The Models (2025) is an interactive installation by artist duo dmstfctn exploring the improvisational nature of generative AI, and its sometimes unexpected and nonsensical character.

Inspired by the Italian theatrical tradition of Commedia dell’Arte, the installation consists of a year’s worth of improvised theatrical scenes generated with a system of text and voice AI models inside a 3D simulation running on a video game engine. Each scene features a cast inspired by traditionally friendly, servile, lying, or antagonistic Commedia masks — Arlecchino, Balanzone, Brighella, Colombina, Pantalone and Pulcinella.

Surfacing the ways in which Large Language Models can exhibit similar behaviours, a system of four generative AI models - designed by the artists and run on the Leonardo Supercomputer - generates dialogues for the masks, surfacing the ways in which Large Language Models can exhibit similar behaviours.
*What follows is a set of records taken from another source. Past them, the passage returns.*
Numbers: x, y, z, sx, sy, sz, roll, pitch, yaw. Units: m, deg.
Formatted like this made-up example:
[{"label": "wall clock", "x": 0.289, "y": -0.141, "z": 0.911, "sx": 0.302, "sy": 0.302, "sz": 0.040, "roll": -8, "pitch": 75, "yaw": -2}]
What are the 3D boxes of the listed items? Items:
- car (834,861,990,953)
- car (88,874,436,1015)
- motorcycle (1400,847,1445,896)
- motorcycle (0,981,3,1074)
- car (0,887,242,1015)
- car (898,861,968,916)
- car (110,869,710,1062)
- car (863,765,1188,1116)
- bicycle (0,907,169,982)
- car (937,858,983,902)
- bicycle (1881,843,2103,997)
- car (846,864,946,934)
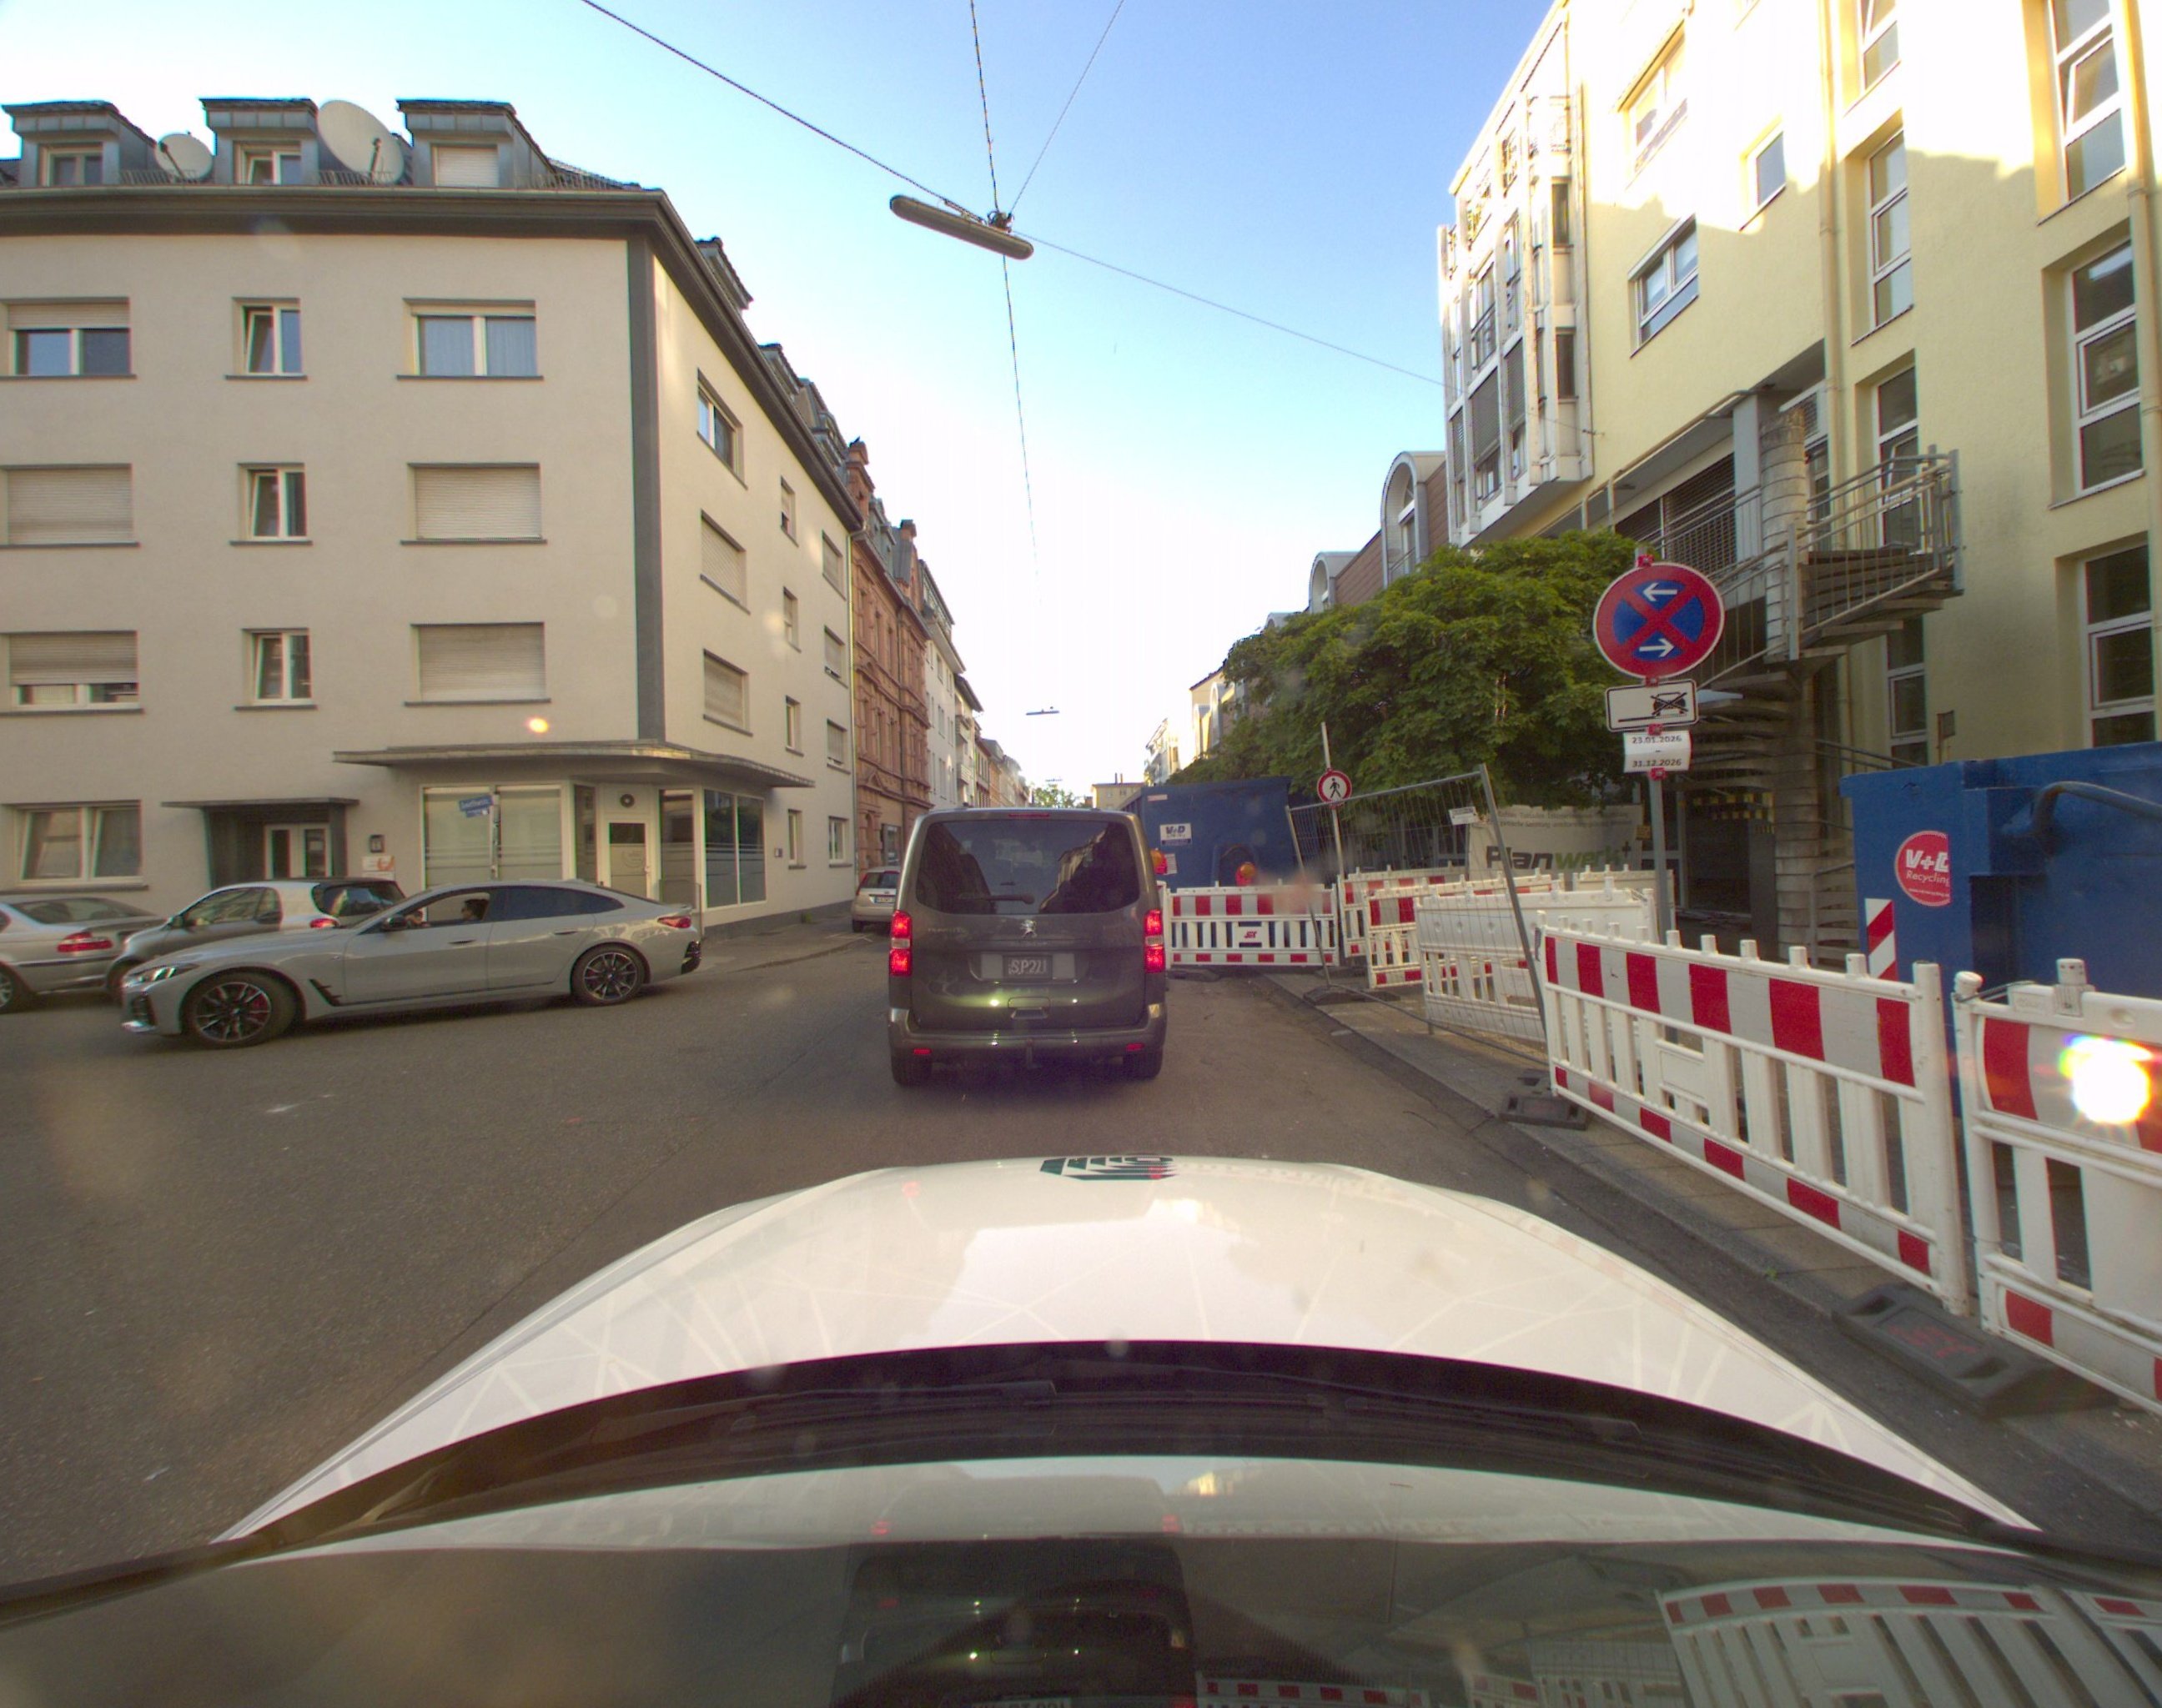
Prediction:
[{"label": "car", "x": -3.076, "y": 0.906, "z": 15.743, "sx": 1.986, "sy": 1.486, "sz": 4.002, "roll": -1, "pitch": 0, "yaw": 2}, {"label": "car", "x": -10.345, "y": 1.090, "z": 10.466, "sx": 2.746, "sy": 1.566, "sz": 1.648, "roll": -1, "pitch": 0, "yaw": -1}, {"label": "motorcycle", "x": 9.242, "y": 0.458, "z": 22.123, "sx": 0.863, "sy": 1.222, "sz": 2.468, "roll": -3, "pitch": -1, "yaw": 17}, {"label": "motorcycle", "x": -8.903, "y": 1.160, "z": 5.611, "sx": 0.804, "sy": 1.249, "sz": 1.693, "roll": 0, "pitch": 1, "yaw": -10}, {"label": "car", "x": -14.359, "y": 1.259, "z": 10.835, "sx": 4.238, "sy": 1.453, "sz": 1.967, "roll": -1, "pitch": 0, "yaw": -2}, {"label": "car", "x": -4.401, "y": 0.980, "z": 24.661, "sx": 1.551, "sy": 1.508, "sz": 3.595, "roll": 1, "pitch": 0, "yaw": -2}, {"label": "car", "x": -6.880, "y": 0.982, "z": 9.058, "sx": 4.685, "sy": 1.486, "sz": 1.978, "roll": -1, "pitch": 0, "yaw": -37}, {"label": "car", "x": -0.378, "y": 0.520, "z": 6.951, "sx": 1.853, "sy": 2.013, "sz": 3.997, "roll": -4, "pitch": 0, "yaw": -2}, {"label": "bicycle", "x": -16.000, "y": 1.438, "z": 13.068, "sx": 2.046, "sy": 1.137, "sz": 0.488, "roll": 0, "pitch": -1, "yaw": -4}, {"label": "car", "x": -4.618, "y": 0.978, "z": 31.333, "sx": 1.392, "sy": 1.588, "sz": 2.792, "roll": -1, "pitch": 0, "yaw": -1}, {"label": "bicycle", "x": 8.017, "y": 0.544, "z": 7.180, "sx": 1.646, "sy": 1.268, "sz": 0.547, "roll": 0, "pitch": -1, "yaw": -12}, {"label": "car", "x": -4.230, "y": 0.973, "z": 19.087, "sx": 1.628, "sy": 1.430, "sz": 3.552, "roll": -1, "pitch": 0, "yaw": -2}]

Each scene includes two masks, a controversial theatrical prop suggestive of superstition, folklore, or popular falsehoods, and a painted backdrop recovered from a XX century Italian puppet theatre collection.

Audience members select the masks and prop for each scene using their phones, effectively prompting the AI system and triggering the 3D simulation to generate a unique performance. The models’ output (the masks’ dialogues) is at once improvised and informed by a ‘knowledge’ of Commedia archetypes rooted in literature and popular media - emerging through statistical resonance with patterns in the models’ training data. Shared by models and audiences alike, this knowledge provides a foundation for improvisation, confabulation, mistakes, jokes and surprise.

AI Tendencies

The work focuses on three tendenciesread more observed in generative AI, and particularly in Large Language Models tuned for use as chatbots or assistants, that lead to surprising, unexpected, or nonsensical outputs. The installation surfaces these tendencies through its improvised theatrical scenes allowing audiences to explore, experience, and reflect on them.

Lying

Responses generated by LLMs are not always accurate or true, but will be presented as if they are, making it appear that the AI is imagining (or hallucinating) the response. In 2023 a mathematical study suggested that “hallucinations may be an intrinsic property of GPT models”, and a 2022 paper suggested that the larger a model, the more likely it was to repeat human misonceptions such as breaking a mirror bringing bad luck.

Being servile or overly friendly

Responses generated by LLMs may include flattery of the user, or tend towards agreeing with their stated beliefs, even in the face of potential counter arguments or evidence.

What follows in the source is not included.